Now... can you fit enough sleep into what's left? I hoped to maximise daylight riding, so found myself trying to centre each sleep around the 2am mark. Early starts with/before the sunrise would haven been ideal, but accommodation and route don't always work out.

My plan going in looked a fair bit like the above. This is probably why the only parameter I could shift when mechanicals jumped in was sleep. IIRC, I got 9 hours. All in... 
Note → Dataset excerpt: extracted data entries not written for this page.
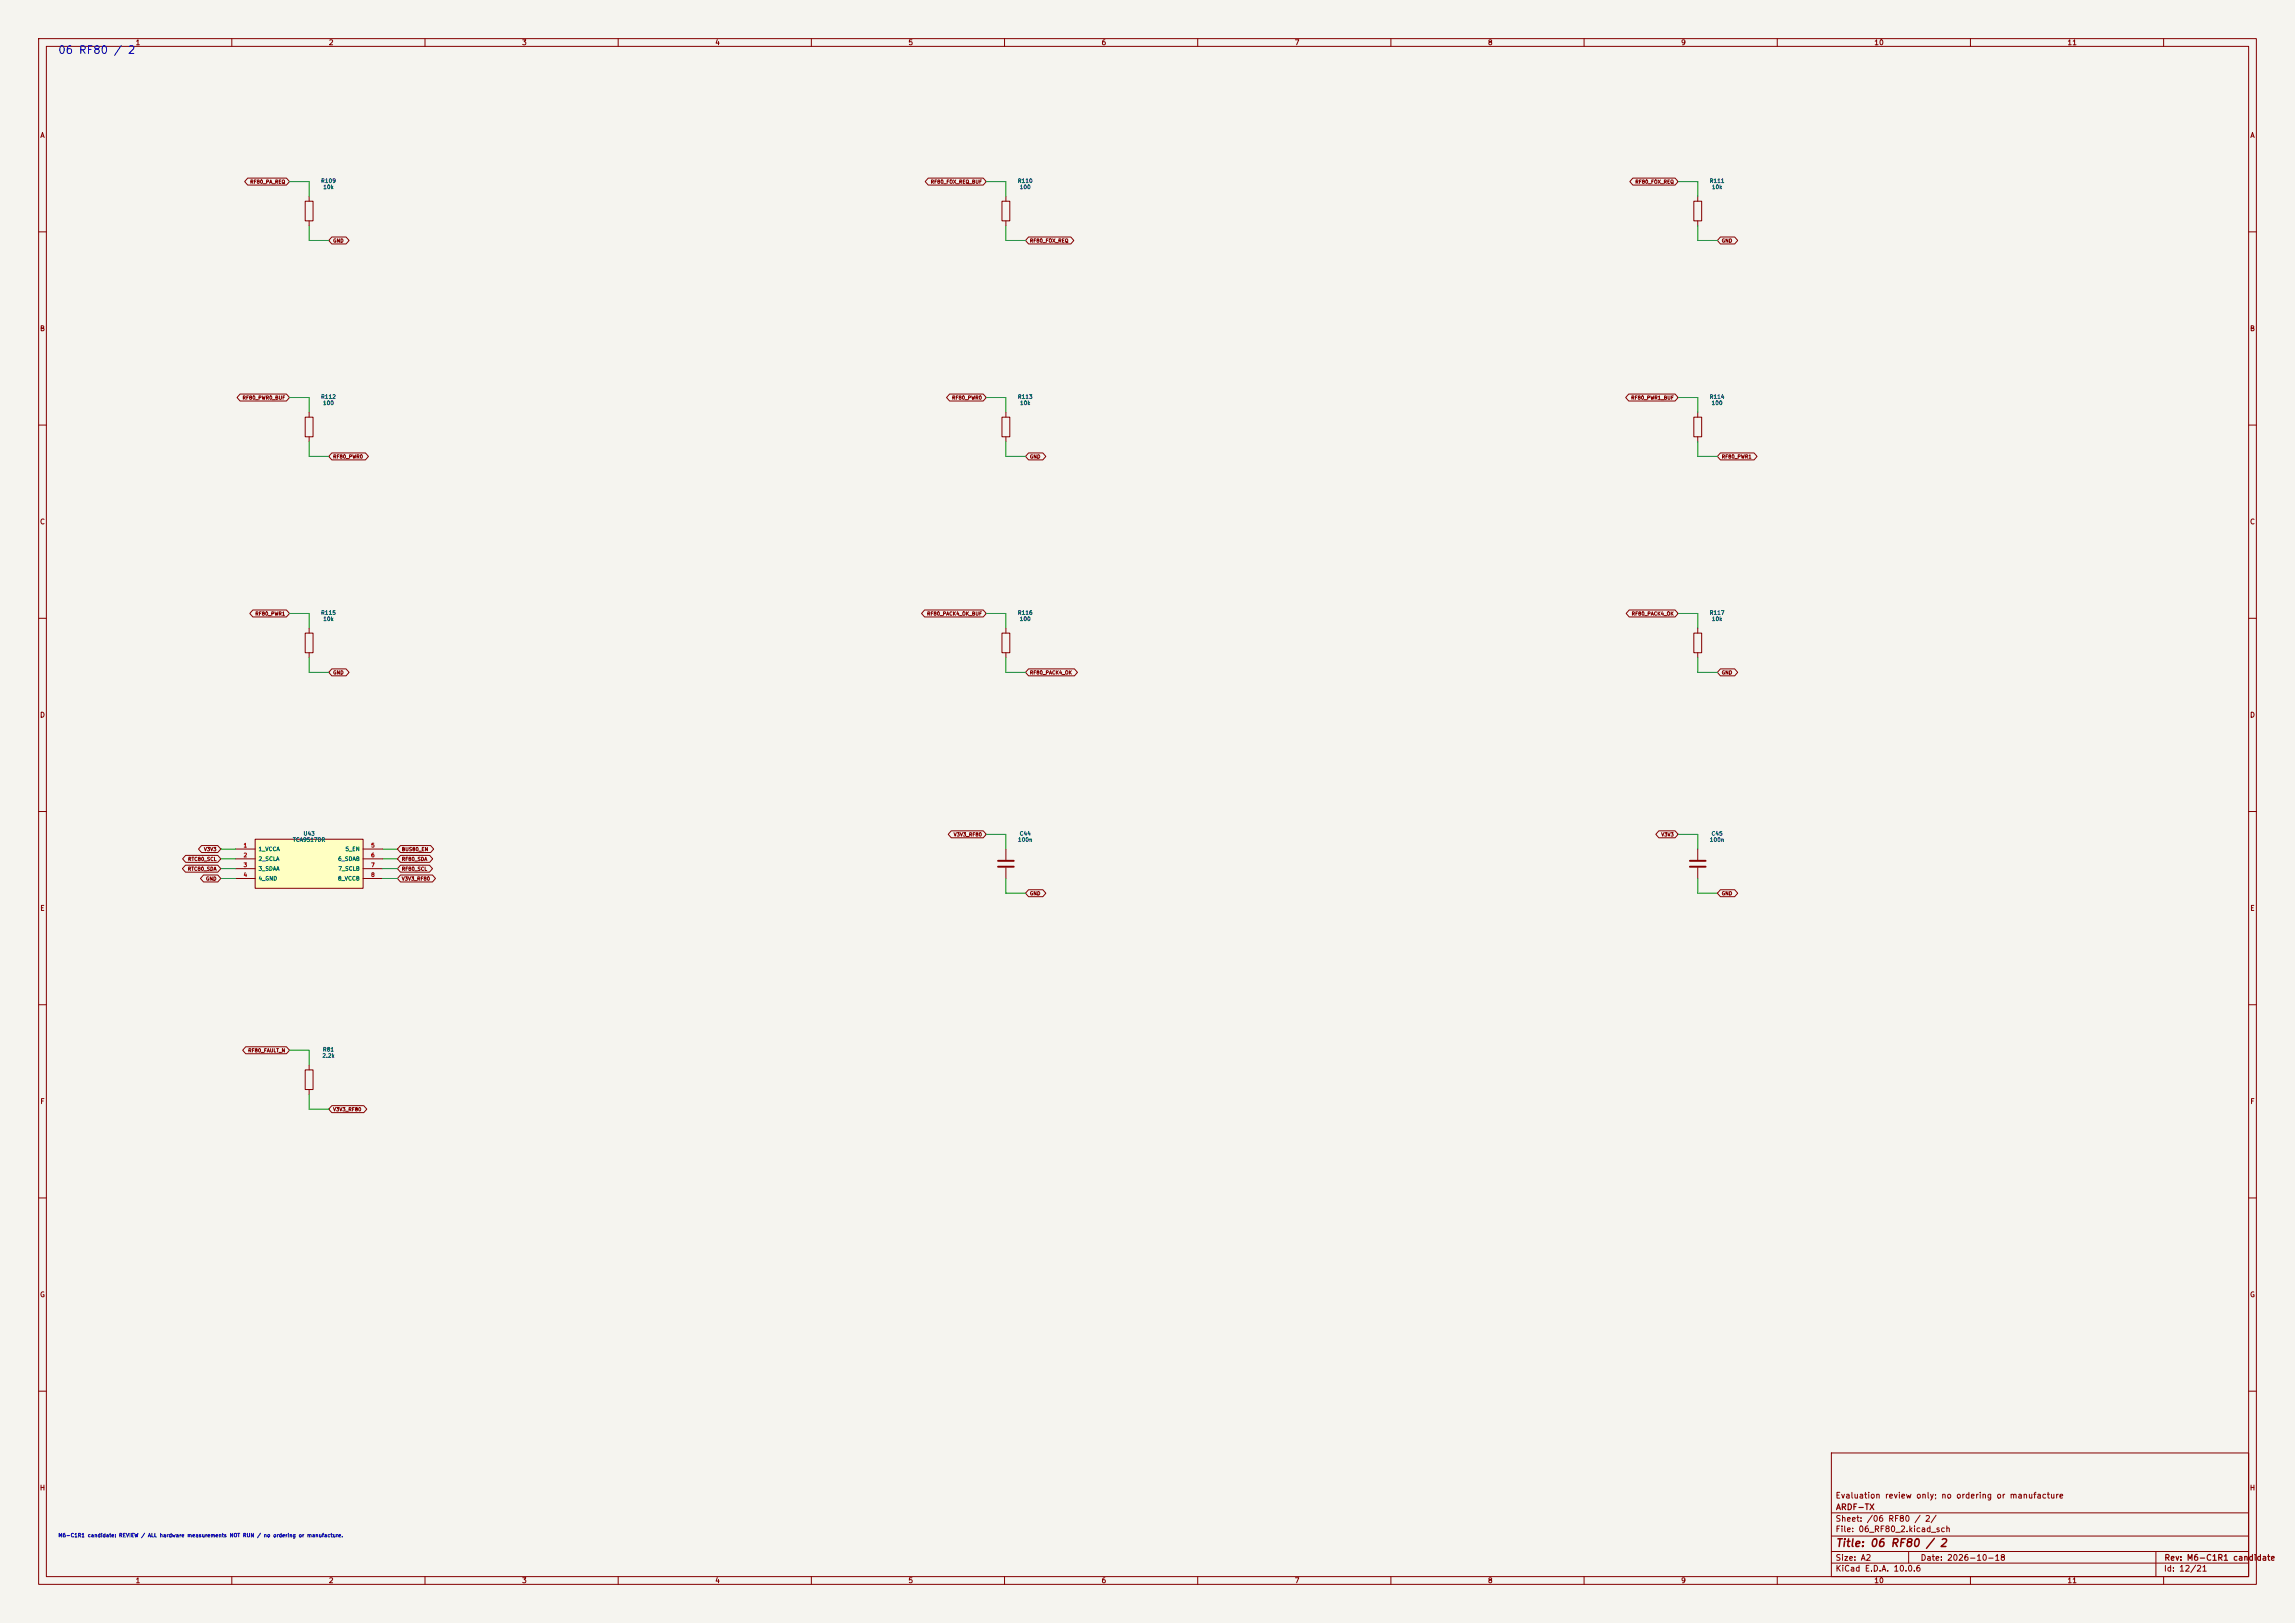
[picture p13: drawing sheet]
<svg xmlns="http://www.w3.org/2000/svg" width="594mm" height="420mm" viewBox="0 0 594 420" stroke-linecap="round" stroke-linejoin="round" font-family="sans-serif">
<defs><g id="words">
<text font-size="2" fill="#0000c2" x="14.9" y="14.4">06 RF80 / 2</text>
<text font-size="2" fill="#840000" x="475" y="400.8">Title: 06 RF80 / 2</text>
<g font-size="1.5" fill="#840000">
<text x="475" y="388.1">Evaluation review only; no ordering or manufacture</text>
<text x="475" y="394.1">Sheet: /06 RF80 / 2/</text>
<text x="475.1" y="391.1">ARDF-TX</text>
<text x="475" y="396.8">File: 06_RF80_2.kicad_sch</text>
<text x="475" y="407">KiCad E.D.A. 10.0.6</text>
<text x="475" y="404.2">Size: A2</text>
<text x="497" y="404.2">Date: 2026-10-18</text>
<text x="560" y="407">Id: 12/21</text>
<text x="560.1" y="404.2">Rev: M6-C1R1 candidate</text>
</g>
<g font-size="1.3" fill="#840000">
<text x="35" y="12">1</text>
<text x="85" y="12">2</text>
<text x="135" y="12">3</text>
<text x="185" y="12">4</text>
<text x="235" y="12">5</text>
<text x="285" y="12">6</text>
<text x="335" y="12">7</text>
<text x="385" y="12">8</text>
<text x="435" y="12">9</text>
<text x="485" y="12">10</text>
<text x="535" y="12">11</text>
<text x="10.3" y="36">A</text>
<text x="582.3" y="36">A</text>
<text x="10.2" y="86">B</text>
<text x="582.2" y="86">B</text>
<text x="10.2" y="136">C</text>
<text x="582.2" y="136">C</text>
<text x="10.2" y="186">D</text>
<text x="582.2" y="186">D</text>
<text x="10.3" y="236">E</text>
<text x="582.3" y="236">E</text>
<text x="10.3" y="286">F</text>
<text x="582.3" y="286">F</text>
<text x="10.2" y="336">G</text>
<text x="582.2" y="336">G</text>
<text x="10.2" y="386">H</text>
<text x="582.2" y="386">H</text>
<text x="35" y="410">1</text>
<text x="85" y="410">2</text>
<text x="135" y="410">3</text>
<text x="185" y="410">4</text>
<text x="235" y="410">5</text>
<text x="285" y="410">6</text>
<text x="335" y="410">7</text>
<text x="385" y="410">8</text>
<text x="435" y="410">9</text>
<text x="485" y="410">10</text>
<text x="535" y="410">11</text>
</g>
<g font-size="1" fill="#006464">
<text x="83" y="47.6">R109</text>
<text x="263.3" y="47.6">R110</text>
<text x="442.4" y="47.6">R111</text>
<text x="83.6" y="49.2">10k</text>
<text x="263.8" y="49.2">100</text>
<text x="443" y="49.2">10k</text>
<text x="83" y="103.4">R112</text>
<text x="83.5" y="105">100</text>
<text x="263.3" y="103.4">R113</text>
<text x="263.9" y="105">10k</text>
<text x="442.4" y="103.4">R114</text>
<text x="442.9" y="105">100</text>
<text x="83" y="159.3">R115</text>
<text x="83.6" y="160.9">10k</text>
<text x="263.3" y="159.3">R116</text>
<text x="263.8" y="160.9">100</text>
<text x="442.4" y="159.3">R117</text>
<text x="443" y="160.9">10k</text>
<text x="66.8" y="220.5">1_VCCA</text>
<text x="75.7" y="218.1">TCA9517DR</text>
<text x="78.4" y="216.5">U43</text>
<text x="89.3" y="220.5">5_EN</text>
<text x="263.4" y="218.1">100n</text>
<text x="263.8" y="216.5">C44</text>
<text x="442.4" y="218.1">100n</text>
<text x="442.9" y="216.5">C45</text>
<text x="66.8" y="223">2_SCLA</text>
<text x="66.8" y="225.6">3_SDAA</text>
<text x="87.4" y="223">6_SDAB</text>
<text x="87.5" y="225.6">7_SCLB</text>
<text x="66.8" y="228.1">4_GND</text>
<text x="87.4" y="228.1">8_VCCB</text>
<text x="83.3" y="273.9">2.2k</text>
<text x="83.5" y="272.3">R81</text>
</g>
<g font-size="1" fill="#a90000">
<text x="62.9" y="219.5">1</text>
<text x="95.9" y="219.5">5</text>
<text x="62.9" y="222.1">2</text>
<text x="62.9" y="224.6">3</text>
<text x="62.9" y="227.1">4</text>
<text x="95.9" y="222.1">6</text>
<text x="95.9" y="224.6">7</text>
<text x="95.9" y="227.1">8</text>
</g>
<text font-size="1" fill="#0000c2" x="15" y="398">M6-C1R1 candidate: REVIEW / ALL hardware measurements NOT RUN / no ordering or manufacture.</text>
<g font-size=".9" fill="#840000">
<text x="64.6" y="47.7">RF80_PA_REQ</text>
<text x="240.8" y="47.7">RF80_FOX_REQ_BUF</text>
<text x="423.2" y="47.7">RF80_FOX_REQ</text>
<text x="86.1" y="63">GND</text>
<text x="266.5" y="63">RF80_FOX_REQ</text>
<text x="445.5" y="63">GND</text>
<text x="62.7" y="103.6">RF80_PWR0_BUF</text>
<text x="246.3" y="103.6">RF80_PWR0</text>
<text x="422.1" y="103.6">RF80_PWR1_BUF</text>
<text x="86.1" y="118.9">RF80_PWR0</text>
<text x="266.5" y="118.9">GND</text>
<text x="445.5" y="118.9">RF80_PWR1</text>
<text x="66" y="159.5">RF80_PWR1</text>
<text x="239.8" y="159.5">RF80_PACK4_OK_BUF</text>
<text x="422.2" y="159.5">RF80_PACK4_OK</text>
<text x="86.1" y="174.7">GND</text>
<text x="266.5" y="174.7">RF80_PACK4_OK</text>
<text x="445.5" y="174.7">GND</text>
<text x="52.7" y="220.5">V3V3</text>
<text x="103.9" y="220.5">BUS80_EN</text>
<text x="246.7" y="216.6">V3V3_RF80</text>
<text x="429.9" y="216.6">V3V3</text>
<text x="48.5" y="225.5">RTC80_SDA</text>
<text x="48.6" y="223">RTC80_SCL</text>
<text x="103.9" y="223">RF80_SDA</text>
<text x="103.9" y="225.5">RF80_SCL</text>
<text x="53.2" y="228.1">GND</text>
<text x="103.9" y="228.1">V3V3_RF80</text>
<text x="266.5" y="231.9">GND</text>
<text x="445.5" y="231.9">GND</text>
<text x="64.1" y="272.5">RF80_FAULT_N</text>
<text x="86.1" y="287.8">V3V3_RF80</text>
</g>
</g></defs>
<path d="M0 0h594v420h-594z" fill="#f5f4ef" stroke="#f5f4ef" stroke-width=".26"/>
<g fill="none" stroke="#840000" stroke-width=".26">
<path d="M10 10h574v400h-574zM12 12h570v396h-570zM60 10v2M110 10v2M160 10v2M210 10v2M260 10v2M310 10v2M360 10v2M410 10v2M460 10v2M510 10v2"/>
<path d="M560 10v2M79 52.1h2v5.1h-2zM80 50.8v1.3M80 57.2v1.2M438.4 52.1h2v5.1h-2zM439.4 50.8v1.3M439.4 57.2v1.2M10 60h2M582 60h2M10 110h2M438.4 108h2v5h-2zM439.4 106.7v1.3"/>
<path d="M439.4 113v1.3M582 110h2M10 160h2M79 163.8h2v5.1h-2zM80 162.6v1.2M80 168.9v1.3M259.3 163.8h2.1v5.1h-2.1zM260.3 162.6v1.2M260.3 168.9v1.3M438.4 163.8h2v5.1h-2zM439.4 162.6v1.2M439.4 168.9v1.3"/>
<path d="M582 160h2M10 210h2M260.3 219.7v2.8M582 210h2M260.3 224.5v2.8M10 260h2M79 276.9h2v5h-2zM80 275.6v1.3M582 260h2M80 281.9v1.3M10 310h2M582 310h2"/>
<path d="M10 360h2M474 376h108v32h-108zM582 360h2M474 397.5h108M474 391.5h108M60 408v2M110 408v2M160 408v2M210 408v2M260 408v2M310 408v2M360 408v2"/>
<path d="M410 408v2M460 408v2M474 404.5h108M474 401.5h108M494 401.5v3M510 408v2M558 401.5v6.5M560 408v2"/>
</g>
<path d="M258.3 222.8h4.1M258.3 224.3h4.1" fill="none" stroke="#840000" stroke-width=".51"/>
<path d="M66 217.2h28v12.7h-28z" fill="#ffffc2"/>
<g fill="none" stroke="#840000" stroke-width=".26">
<path d="M64.1 46.1h10l.8 .9-.8 .9h-10l-.8-.9zM240.3 46.1h14.2l.8 .9-.8 .9h-14.2l-.8-.9zM259.3 52.1h2.1v5.1h-2.1zM260.3 50.8v1.3M260.3 57.2v1.2M422.6 46.1h11l.7 .9-.7 .9h-11l-.8-.9zM85.9 61.3h3.7l.8 .9-.8 .9h-3.7l-.8-.9zM266.2 61.3h10.9l.8 .9-.8 .9h-10.9l-.8-.9zM445.3 61.3h3.7l.8 .9-.8 .9h-3.7l-.8-.9zM62.1 102h12l.8 .9-.8 .9h-12l-.7-.9zM79 108h2v5h-2zM80 106.7v1.3"/>
<path d="M80 113v1.3M85.9 117.2h8.7l.8 .9-.8 .9h-8.7l-.8-.9zM245.8 102h8.7l.8 .9-.8 .9h-8.7l-.8-.9zM259.3 108h2.1v5h-2.1zM260.3 106.7v1.3M260.3 113v1.3M266.2 117.2h3.7l.8 .9-.8 .9h-3.7l-.8-.9zM421.6 102h12l.7 .9-.7 .9h-12l-.8-.9zM445.3 117.2h8.7l.8 .9-.8 .9h-8.7l-.8-.9zM65.4 157.8h8.7l.8 1-.8 .9h-8.7l-.7-.9zM239.3 157.8h15.2l.8 1-.8 .9h-15.2l-.8-.9zM421.7 157.8h11.9l.7 1-.7 .9h-11.9l-.8-.9z"/>
<path d="M85.9 173.1h3.7l.8 .9-.8 .9h-3.7l-.8-.9zM266.2 173.1h11.9l.8 .9-.8 .9h-11.9l-.8-.9zM445.3 173.1h3.7l.8 .9-.8 .9h-3.7l-.8-.9zM52.2 218.8h4.2l.7 .9-.7 .9h-4.2l-.8-.9zM61 219.7h5M66 217.2h28v12.7h-28zM94 219.7h5.1M103.7 218.8h7.8l.7 .9-.7 .9h-7.8l-.8-.9zM246.2 215h8.3l.8 .9-.8 .9h-8.3l-.8-.9zM429.4 215h4.2l.7 .9-.7 .9h-4.2l-.8-.9zM439.4 219.7v2.8M48 223.9h8.4l.7 .9-.7 .9h-8.4l-.8-.9z"/>
<path d="M48 221.3h8.4l.7 1-.7 .9h-8.4l-.7-.9zM52.7 226.4h3.7l.7 .9-.7 .9h-3.7l-.8-.9zM61 222.3h5M61 224.8h5M61 227.3h5M94 222.3h5.1M94 224.8h5.1M94 227.3h5.1M103.7 226.4h8.2l.8 .9-.8 .9h-8.2l-.8-.9zM103.7 221.3h7.5l.8 1-.8 .9h-7.5l-.8-.9zM103.7 223.9h7.5l.7 .9-.7 .9h-7.5l-.8-.9zM266.2 230.2h3.7l.8 .9-.8 .9h-3.7l-.8-.9z"/>
<path d="M439.4 224.5v2.8M445.3 230.2h3.7l.8 .9-.8 .9h-3.7l-.8-.9zM63.6 270.9h10.5l.8 .9-.8 .9h-10.5l-.8-.9zM85.9 286.1h8.3l.7 .9-.7 .9h-8.3l-.8-.9z"/>
</g>
<path d="M437.4 222.8h4.1M437.4 224.3h4.1" fill="none" stroke="#840000" stroke-width=".51"/>
<g fill="none" stroke="#009600" stroke-width=".26">
<path d="M74.9 47h5.1v3.8M80 58.4v3.8h5.1M255.3 47h5v3.8M260.3 58.4v3.8h5.1M434.3 47h5.1v3.8M439.4 58.4v3.8h5.1M74.9 102.9h5.1v3.8M80 114.3v3.8h5.1M255.3 102.9h5v3.8M260.3 114.3v3.8h5.1M434.3 102.9h5.1v3.8M439.4 114.3v3.8h5.1"/>
<path d="M74.9 158.8h5.1v3.8M255.3 158.8h5v3.8M434.3 158.8h5.1v3.8M80 170.2v3.8h5.1M260.3 170.2v3.8h5.1M439.4 170.2v3.8h5.1M57.1 219.7h3.9M99.1 219.7h3.8M255.3 215.9h5v3.8M434.3 215.9h5.1v3.8M57.1 227.3h3.9M57.1 222.3h3.9"/>
<path d="M57.1 224.8h3.9M99.1 227.3h3.8M99.1 222.3h3.8M99.1 224.8h3.8M260.3 227.3v3.8h5.1M439.4 227.3v3.8h5.1M74.9 271.8h5.1v3.8M80 283.2v3.8h5.1"/>
</g>
<use href="#words"/>
</svg>

LEL is kind of organic, and rather denies rigid plan making. It also plays with your paranoia. The spare time you build up throughout the ride becomes increasingly precious as the ride goes on, as your investment in earning it increases massively as you near the finish. I rolled over the line with a good 10 hour buffer, but had only really begun eating into the spare when the finish was less than a 10 hour walk away.

Add in a few bad decisions, a couple of storms, an unexpected mountain, and you're suddenly in 'brain dead' territory... and that's why the ambient speed matters. If you can roll on at 10.6 when you can't really tell your left leg from your right, you'll be fine


----------



## Arch (20 Jul 2010)

Thanks all!

I took one picture, of the 'Chapeau Grimpeurs' sign on Nunburnholme - I'll try and add it another day. Yes, it's easier to take pics, but I was wanting to get on instead of dawdle. I'll be out that way again, and I'll get some then... There are some lovely views from the top, looking out over the Vale of York and the powerstations...

Thanks for the figures Arallsopp. I'd got it into my head that the necessary average was actually much higher, so when I sat down and did the maths I was a little encouraged. As to the slowing down... I'm not sure. I think my slowest period was in the middle - into the wind and rain, unknown road, mostly alone. I often find I can pick up speed towards the end of a ride. When I went out that way a couple of weeks back, I did 60 miles (40 of which were gentle rolling or flat, the other 20 of which were hilly and included Nunburnholme hill twice), and averaged 11mph. 

When I first got this trike, I was managing 9ish, so I'm hoping it's going in the right direction.

Next year, I'll be there again. I may do the 100 and try to beat my time, or I may step up to the 160k....


----------